池谷:あらためて調べてみたんだけど「ロボットを操縦するゲーム」って思ったより少ないんだよねえ。

とも子:そうなんだ。

池谷:特にファミコン前後のころのゲームとかだと、ロボットを操るゲームとうたいつつ、ゲーム的にはロボットが人間でもとくに変わらない、マリオでいいじゃんみたいなゲームも多いんだよね。

しげる:まあそうだよねえ。ロボットだろうが人間だろうがゲームで動かすキャラクターってことには違いないからなあ。

池谷:ロボットゲームの定義というわけではないけど、大事な要素というか「そういう要素があるとロボットゲームっぽく感じるもの」ってなんだろうと考えてみたんですよ。例えばロボット操縦感であったり、またはパーツカスタマイズであったり。

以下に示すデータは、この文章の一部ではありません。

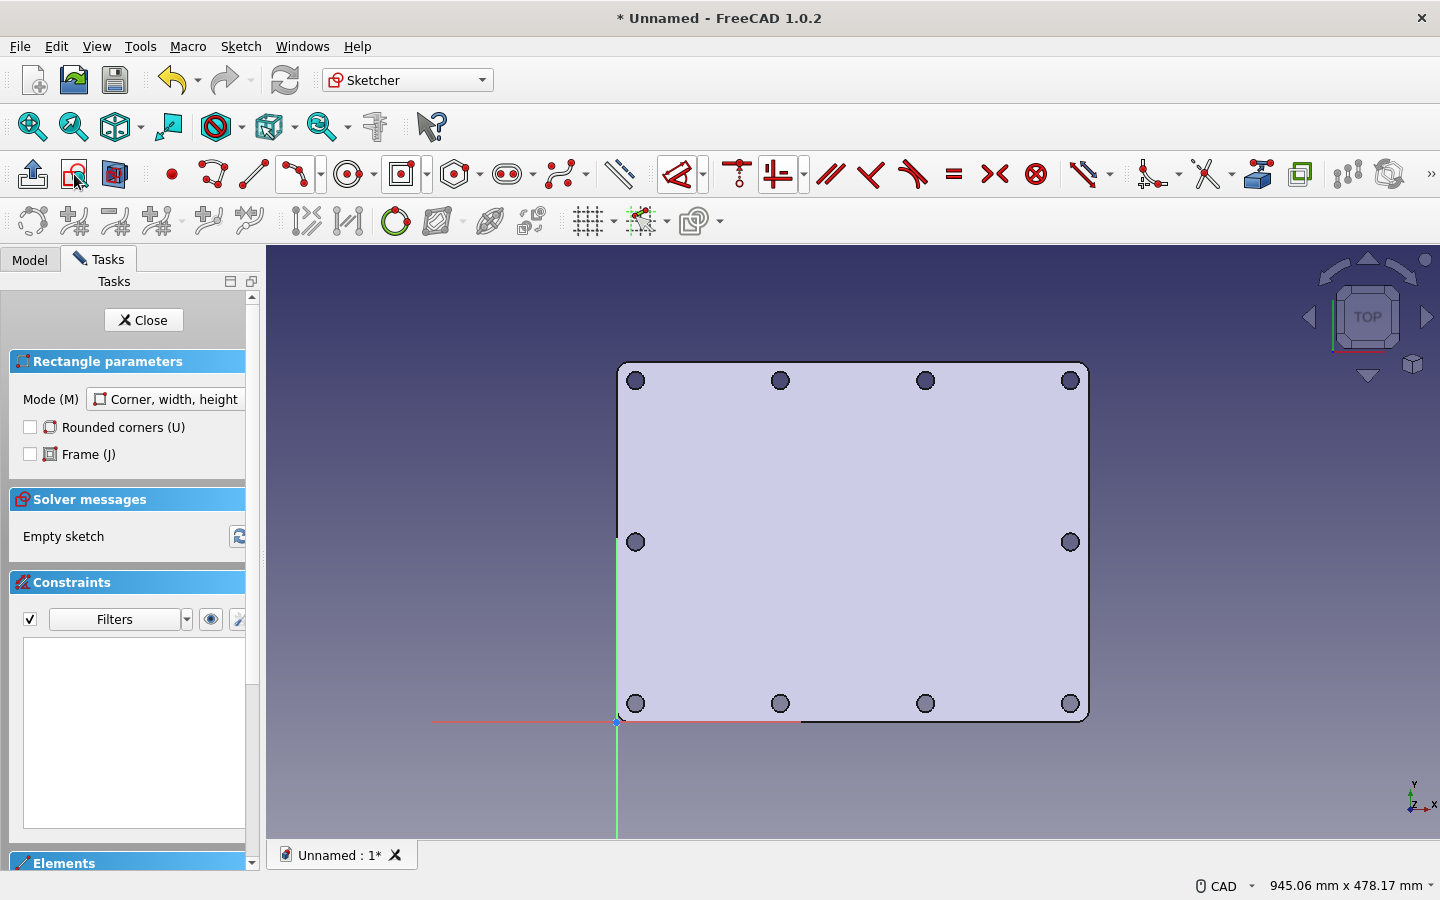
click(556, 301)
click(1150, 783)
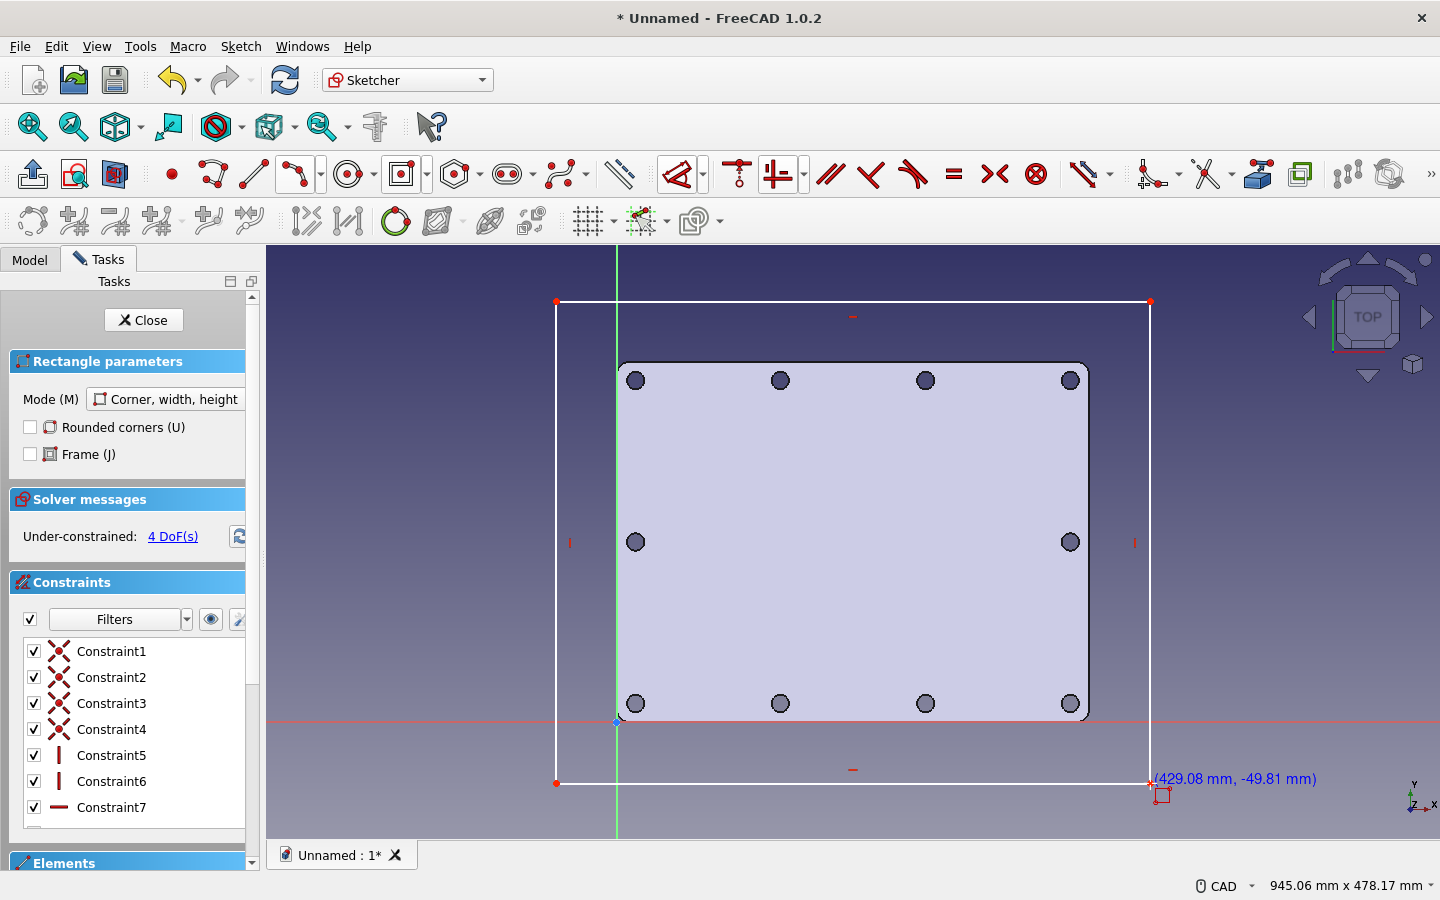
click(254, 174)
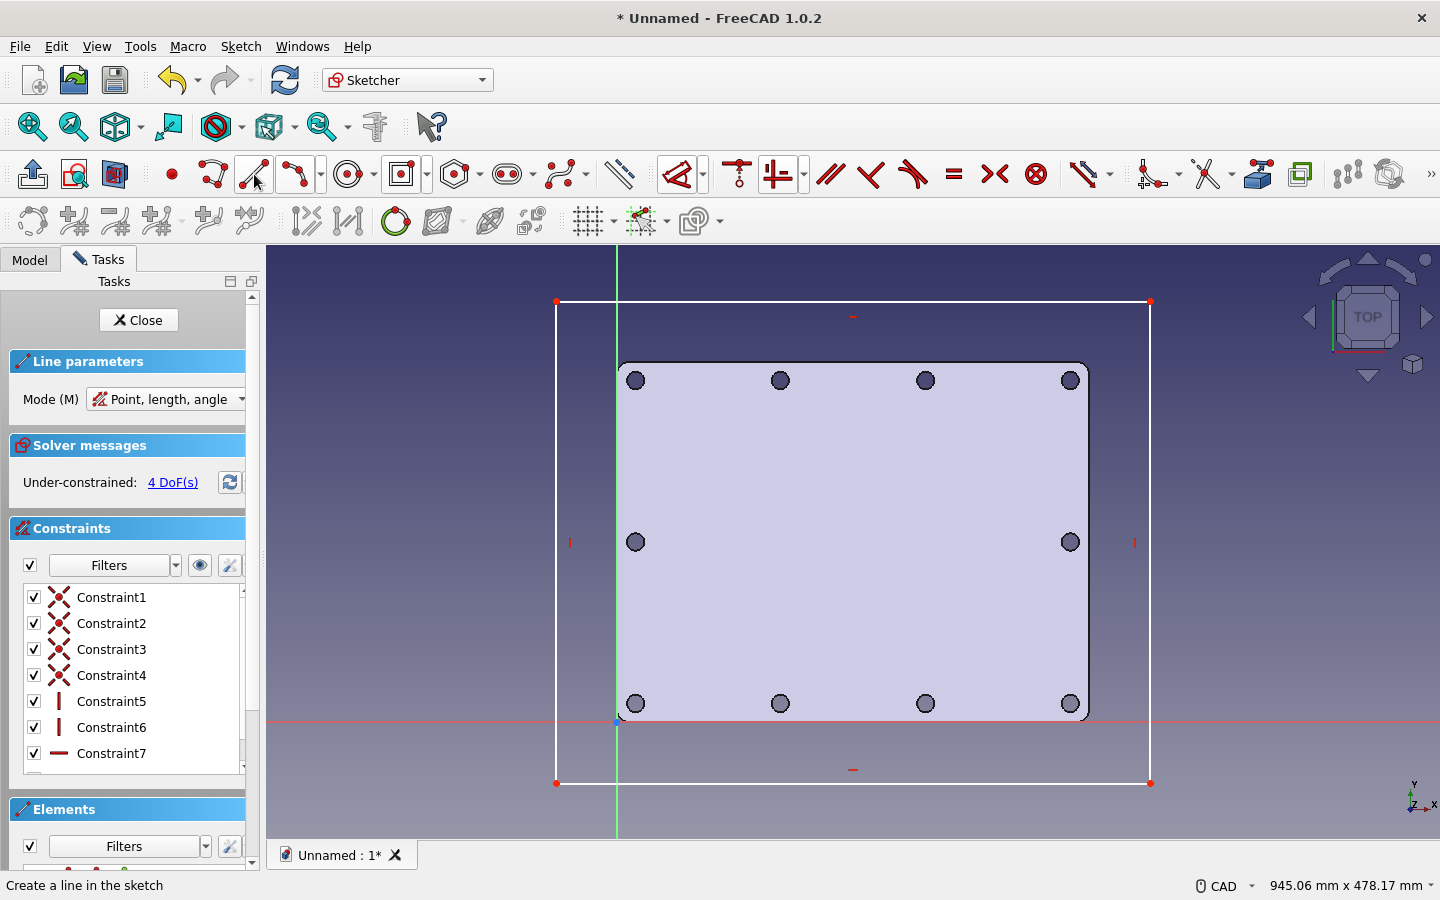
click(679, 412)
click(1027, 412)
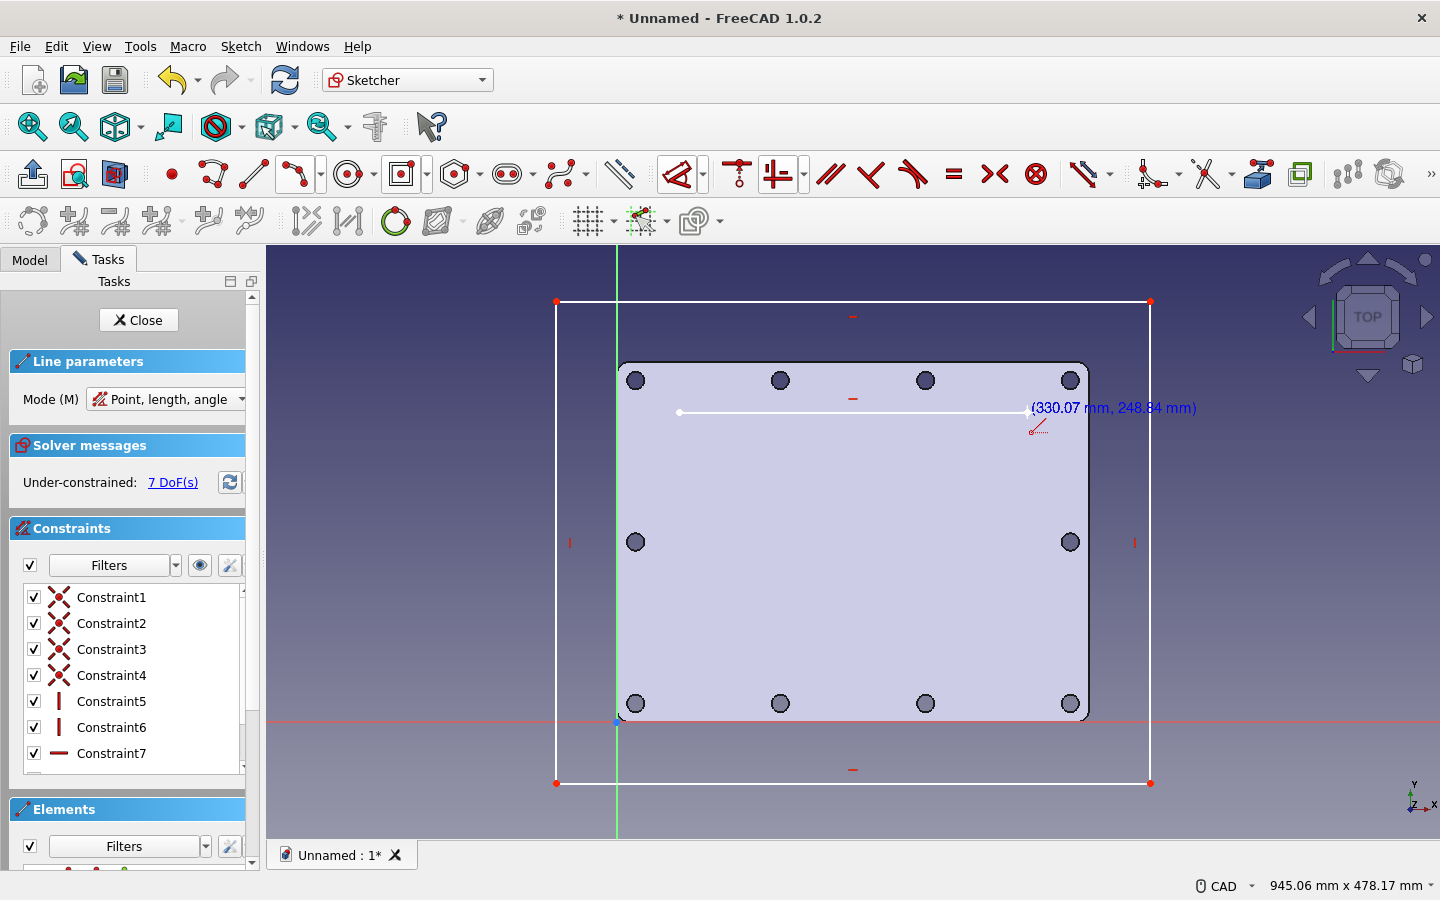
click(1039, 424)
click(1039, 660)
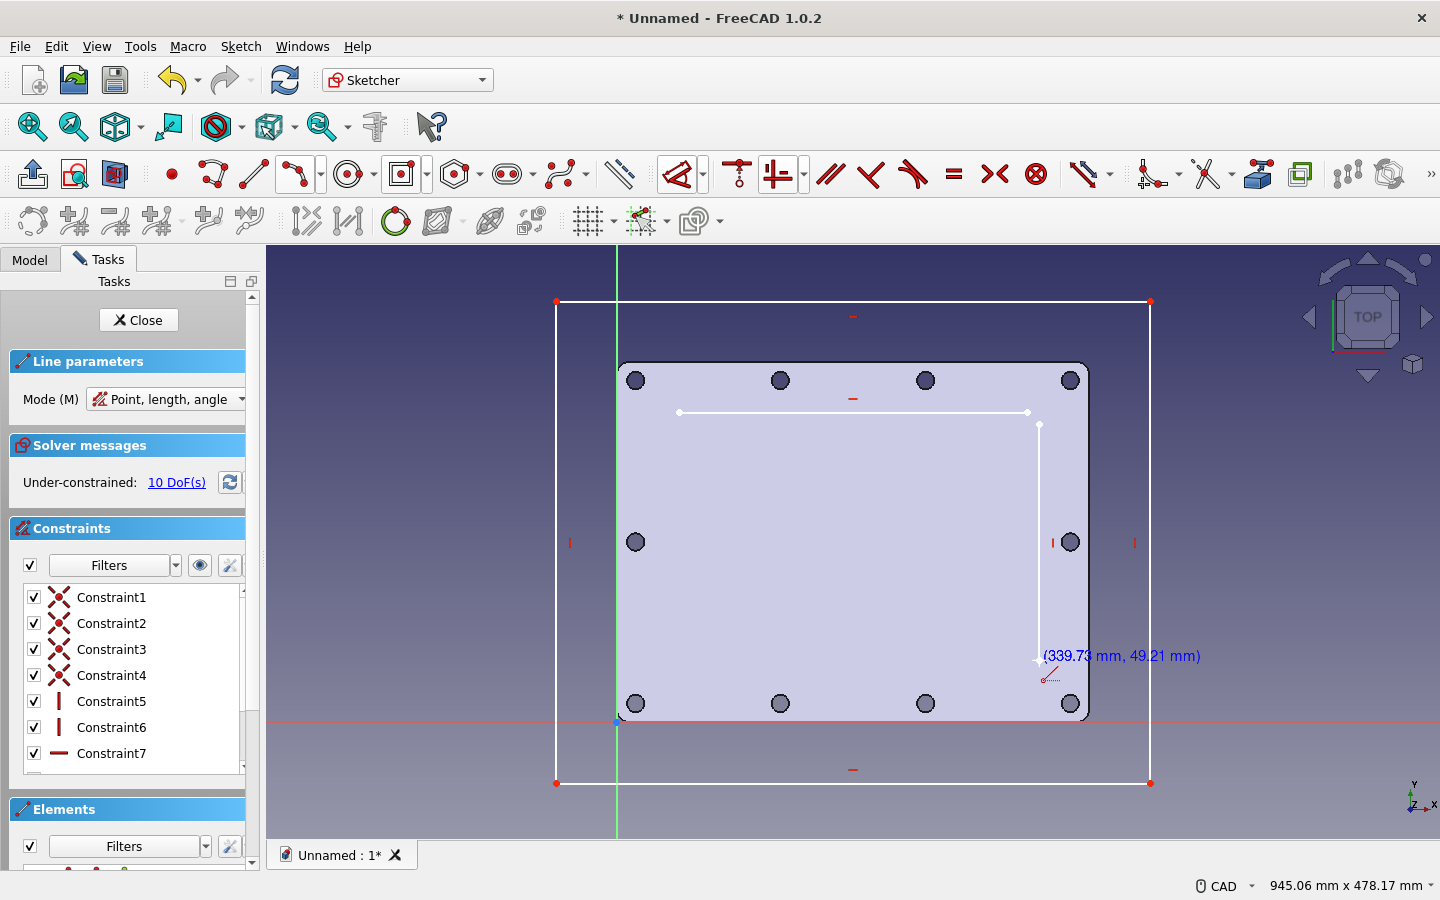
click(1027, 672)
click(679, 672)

しげる:まあそうなりますよね。カスタマイズがないゲームも多いけど。

池谷:あと「ロボットのAIをカスタマイズするゲーム」というのもあるよね。「カルネージハート」とか。


ロボットゲーム座談会 カルネージハート」1995年、アートディンクよりプレイステーションにて第1作発売。横山宏デザインの無人機動兵器OKEは自分で操作できないため、戦闘中どんな行動を取るかをプログラミングする必要がある

とも子:「アーマード・コア フォーミュラフロント」もそうだけど……。じゃあ「頑張れ森川くん2号」もロボットゲームか……?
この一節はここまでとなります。